In 1851, Los Angeles voters elected Dryden as the city's second city attorney, succeeding Benjamin Hayes. Dryden served one year. A Democrat, he ran for mayor in 1855, but he lost to Thomas Foster by a vote of 192 for Foster and 179 for Dryden.

Dryden was a police judge or a justice of the peace for Los Angeles County in those early years, although the dates are uncertain. In 1856, Dryden was elected Los Angeles County Judge, handling some criminal, as well as major civil and probate cases. He served as county judge until his death in 1869. According to one researcher, Clare Wallace of the Los Angeles Public Library, his judicial service "paralleled the years of violence and lawlessness when Los Angeles earned its reputation of being the toughest frontier town in the West."

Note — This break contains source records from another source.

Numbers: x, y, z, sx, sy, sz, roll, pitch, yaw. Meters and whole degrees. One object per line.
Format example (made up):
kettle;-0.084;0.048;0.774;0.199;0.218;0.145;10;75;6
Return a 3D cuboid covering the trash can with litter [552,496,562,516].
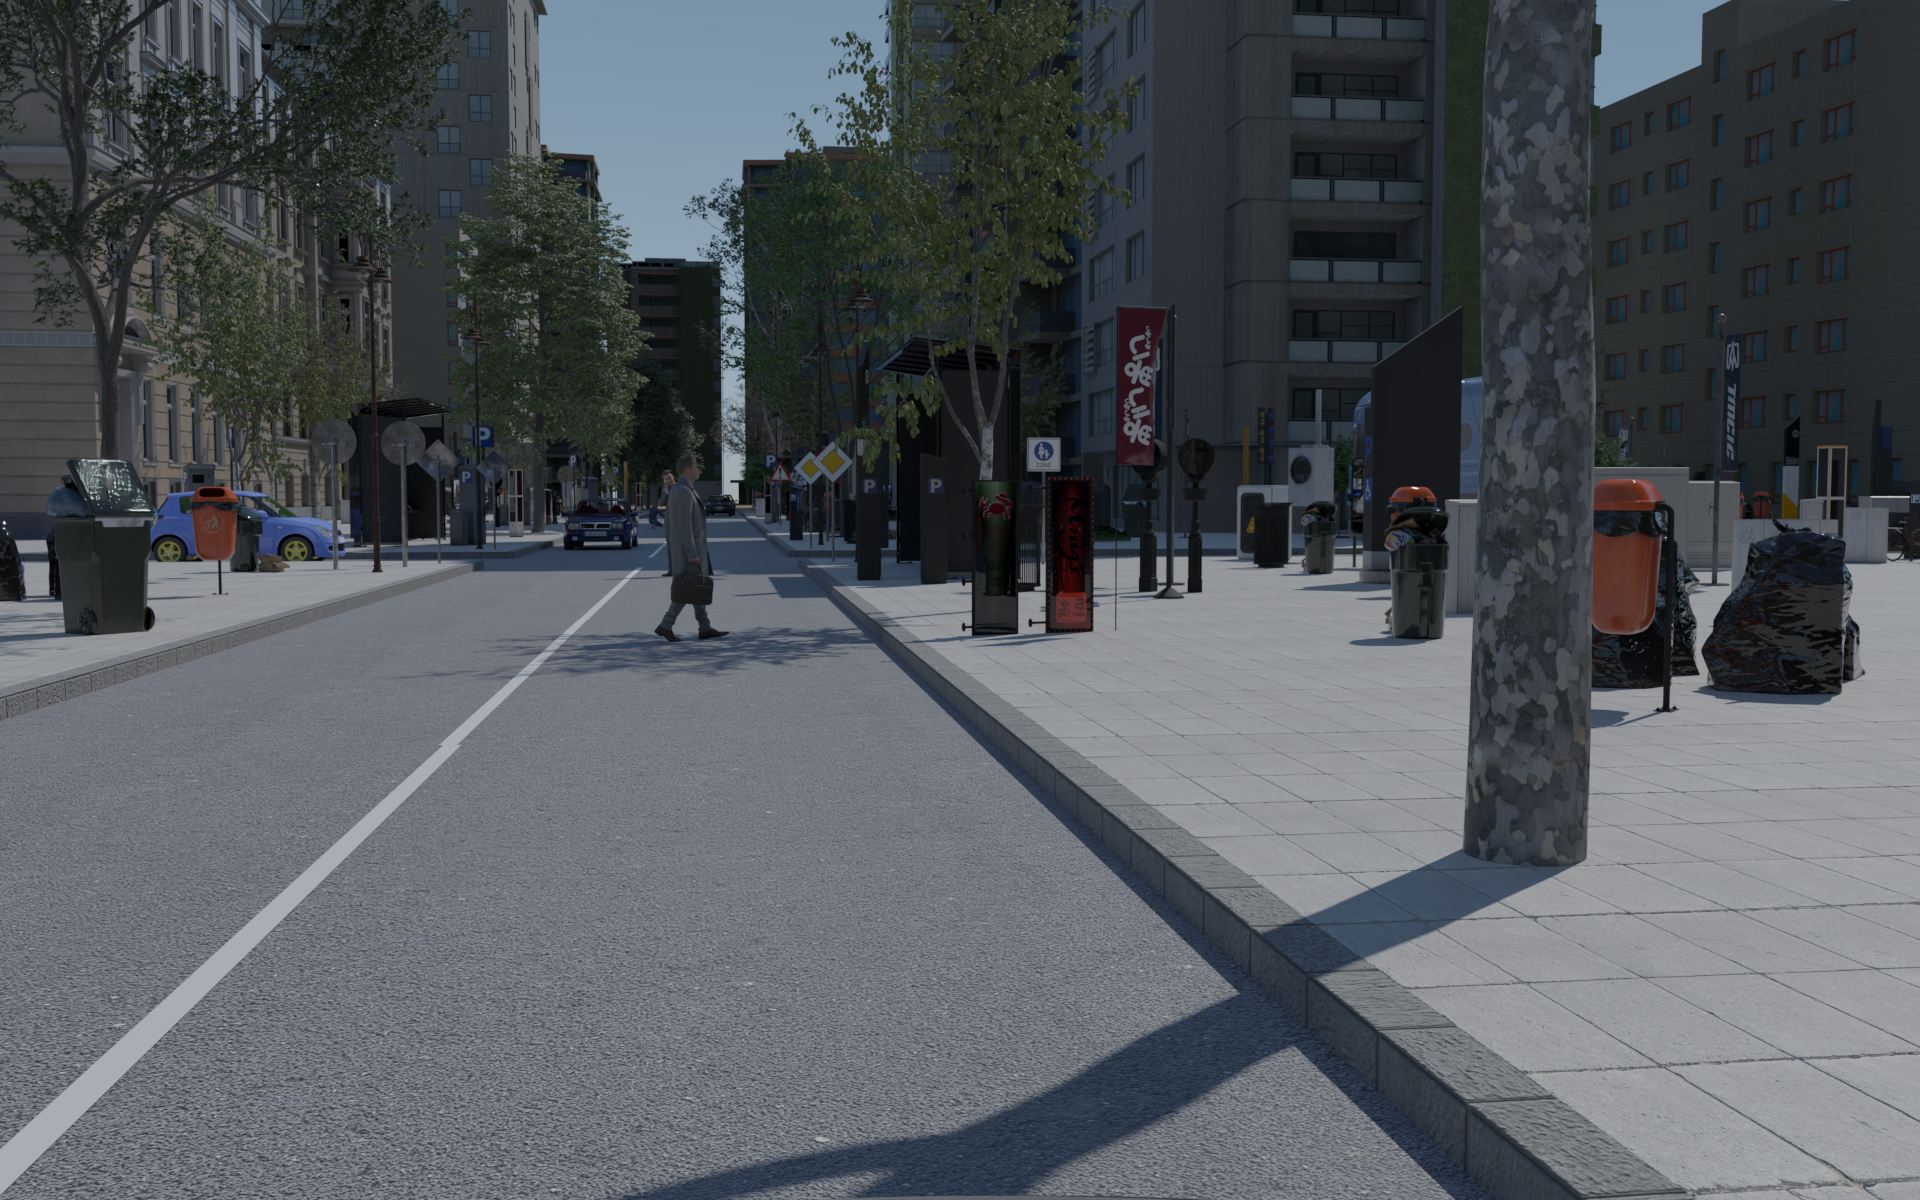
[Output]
trash can with litter;-23.726;-5.466;100.752;1.055;1.170;0.624;-2;4;-24

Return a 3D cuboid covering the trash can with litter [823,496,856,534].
trash can with litter;-3.577;-2.773;56.389;2.233;1.210;1.678;-2;4;-34

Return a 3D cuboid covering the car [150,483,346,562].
car;-14.337;-1.546;34.869;3.694;1.707;1.945;-1;4;-9

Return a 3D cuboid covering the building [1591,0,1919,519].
building;44.257;-13.806;70.774;28.899;21.520;27.650;0;4;-8

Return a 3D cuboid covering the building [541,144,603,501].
building;-59.152;-34.231;214.307;28.867;44.769;22.147;0;4;-8

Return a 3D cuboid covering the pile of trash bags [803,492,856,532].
pile of trash bags;-4.460;-3.043;59.503;1.912;1.369;3.447;0;4;-7

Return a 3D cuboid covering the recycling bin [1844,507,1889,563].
recycling bin;16.929;-1.218;32.472;0.722;1.027;0.722;1;4;17

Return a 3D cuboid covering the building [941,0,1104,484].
building;10.665;-26.864;93.850;22.147;44.769;28.867;0;4;-8

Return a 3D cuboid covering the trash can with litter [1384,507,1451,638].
trash can with litter;4.054;-0.263;15.690;0.624;1.170;1.055;0;4;1

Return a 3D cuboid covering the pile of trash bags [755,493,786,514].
pile of trash bags;-12.341;-6.216;111.380;1.912;1.369;3.447;1;4;16

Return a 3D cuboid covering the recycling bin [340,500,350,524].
recycling bin;-26.253;-3.800;74.684;0.722;1.027;0.722;0;4;-6

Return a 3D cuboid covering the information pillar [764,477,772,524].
information pillar;-8.235;-4.273;74.358;0.304;2.012;0.304;0;4;-2

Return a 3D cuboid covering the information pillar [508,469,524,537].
information pillar;-13.178;-2.869;51.395;0.304;2.012;0.304;2;4;27

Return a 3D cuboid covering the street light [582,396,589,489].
street light;-16.196;-6.254;75.042;0.468;5.910;1.993;0;4;-8

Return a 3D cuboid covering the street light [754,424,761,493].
street light;-13.315;-8.644;114.123;0.468;5.910;1.993;0;4;-8

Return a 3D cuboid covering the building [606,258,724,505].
building;-36.536;-27.113;214.992;14.107;30.474;14.160;0;4;-8

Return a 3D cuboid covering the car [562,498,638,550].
car;-9.482;-2.034;45.842;1.945;1.354;3.894;0;4;-7

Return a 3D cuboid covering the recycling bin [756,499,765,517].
recycling bin;-10.786;-5.082;95.649;0.722;1.027;0.722;-3;5;-42

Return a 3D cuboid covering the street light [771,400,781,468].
street light;-8.391;-6.508;79.199;0.468;5.910;1.993;0;4;-8

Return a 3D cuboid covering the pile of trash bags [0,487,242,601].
pile of trash bags;-10.749;-0.719;21.504;3.447;1.369;1.912;-1;4;-14

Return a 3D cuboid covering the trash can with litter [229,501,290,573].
trash can with litter;-11.582;-1.052;28.584;1.055;1.170;0.624;1;4;13

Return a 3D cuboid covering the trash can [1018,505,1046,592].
trash can;0.767;-0.691;22.944;0.748;1.137;0.748;0;3;0

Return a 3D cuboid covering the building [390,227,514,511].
building;-48.117;-17.129;125.104;27.650;21.520;28.899;0;4;-8

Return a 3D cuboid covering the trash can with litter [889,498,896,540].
trash can with litter;-2.134;-2.303;49.036;1.055;1.170;0.624;3;4;38

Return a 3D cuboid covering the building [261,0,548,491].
building;-53.373;-34.951;160.681;27.495;52.752;28.713;0;4;-8

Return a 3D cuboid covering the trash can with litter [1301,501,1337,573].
trash can with litter;5.754;-1.027;28.180;0.624;1.170;1.055;0;4;-1

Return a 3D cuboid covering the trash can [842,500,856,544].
trash can;-2.698;-2.023;44.723;0.748;1.137;0.748;0;3;0

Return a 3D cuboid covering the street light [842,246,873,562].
street light;-1.915;-3.651;32.489;0.468;5.910;1.993;0;4;-8

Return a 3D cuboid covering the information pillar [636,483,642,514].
information pillar;-21.034;-6.671;113.557;0.304;2.012;0.304;1;4;13

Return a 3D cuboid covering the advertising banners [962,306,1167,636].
advertising banners;0.988;-1.210;15.965;2.074;3.025;0.090;-1;4;-22

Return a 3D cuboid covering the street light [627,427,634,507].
street light;-20.957;-8.392;109.989;0.468;5.910;1.993;0;4;-8

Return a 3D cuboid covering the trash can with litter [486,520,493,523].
trash can with litter;-21.547;-4.078;77.732;1.678;1.210;2.233;-1;4;-14

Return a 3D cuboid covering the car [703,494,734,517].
car;-15.580;-6.248;111.949;2.009;1.686;4.222;-1;4;-8

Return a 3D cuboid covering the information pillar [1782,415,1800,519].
information pillar;24.658;-3.671;51.372;0.504;3.616;0.183;-1;4;-12

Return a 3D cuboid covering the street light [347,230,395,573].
street light;-9.541;-3.388;28.186;0.468;5.910;1.993;0;4;-8

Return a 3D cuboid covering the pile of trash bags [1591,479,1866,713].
pile of trash bags;4.828;-0.107;11.495;1.912;1.369;3.447;3;4;36

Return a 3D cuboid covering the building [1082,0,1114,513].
building;2.639;-27.219;128.622;14.154;41.232;14.086;0;4;-8

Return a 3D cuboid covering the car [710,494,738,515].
car;-16.217;-6.647;118.471;2.009;1.686;4.222;0;4;-8

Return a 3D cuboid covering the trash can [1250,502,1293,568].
trash can;5.445;-1.140;30.285;0.748;1.137;0.748;0;3;0

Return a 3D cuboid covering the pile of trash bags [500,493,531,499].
pile of trash bags;-26.764;-5.736;103.540;1.912;1.369;3.447;-3;4;-38

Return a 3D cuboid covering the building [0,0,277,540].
building;-31.807;-16.576;56.918;13.634;28.700;20.117;0;4;-8

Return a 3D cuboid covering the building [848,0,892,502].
building;1.503;-52.117;164.783;22.319;86.520;31.000;0;4;-8

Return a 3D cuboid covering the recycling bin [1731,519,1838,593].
recycling bin;8.201;-0.287;17.241;0.722;1.027;0.722;-2;4;-33

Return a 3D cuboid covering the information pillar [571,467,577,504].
information pillar;-24.141;-7.144;108.167;0.504;3.616;0.183;2;4;35

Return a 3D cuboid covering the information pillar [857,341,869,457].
information pillar;-1.467;-2.142;26.372;0.183;3.616;0.504;1;4;9

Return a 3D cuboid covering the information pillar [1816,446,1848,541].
information pillar;13.303;-1.344;26.466;0.304;2.012;0.304;-1;4;-10

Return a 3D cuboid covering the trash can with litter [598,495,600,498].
trash can with litter;-21.042;-5.355;98.604;2.233;1.210;1.678;-1;4;-12

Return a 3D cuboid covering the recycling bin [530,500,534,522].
recycling bin;-19.511;-4.140;80.236;0.722;1.027;0.722;1;4;22

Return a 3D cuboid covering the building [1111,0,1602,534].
building;12.435;-23.032;60.167;14.086;41.232;14.154;0;4;-8

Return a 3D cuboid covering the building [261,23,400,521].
building;-36.042;-16.216;84.224;14.460;24.649;34.723;0;4;-8

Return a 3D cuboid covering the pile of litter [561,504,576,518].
pile of litter;-20.610;-4.803;92.498;1.176;0.858;1.719;-3;4;-36

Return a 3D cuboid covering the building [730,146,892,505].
building;-14.925;-34.641;220.997;28.867;44.769;22.147;0;4;-8

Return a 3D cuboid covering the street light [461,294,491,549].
street light;-11.176;-4.119;40.131;0.468;5.910;1.993;0;4;-8

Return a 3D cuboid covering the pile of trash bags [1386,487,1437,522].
pile of trash bags;7.065;-0.751;22.038;3.447;1.369;1.912;-1;4;-12

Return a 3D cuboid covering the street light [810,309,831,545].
street light;-3.502;-4.322;43.457;0.468;5.910;1.993;0;4;-8

An informally voluble, genial, and very profane man, Dryden conducted his courts pretty much after his own personality traits. Lawyers and jurymen appeared coatless, and wearing firearms, if they so desired. Solemnity was lacking. Inkstands, canes, chairs, and jackknives were hurled at opponents during altercations. Judge and attorneys engaged in violent disputes. Dryden himself was guilty of blasphemy from the bench.

Wallace wrote that she had found a "classic anecdote" in more than one source that, when two attorneys drew their "six-shooters" against each other, Dryden "got out of range of the blazing guns" and yelled angrily, "Shoot away damn you! and to hell with all of you!"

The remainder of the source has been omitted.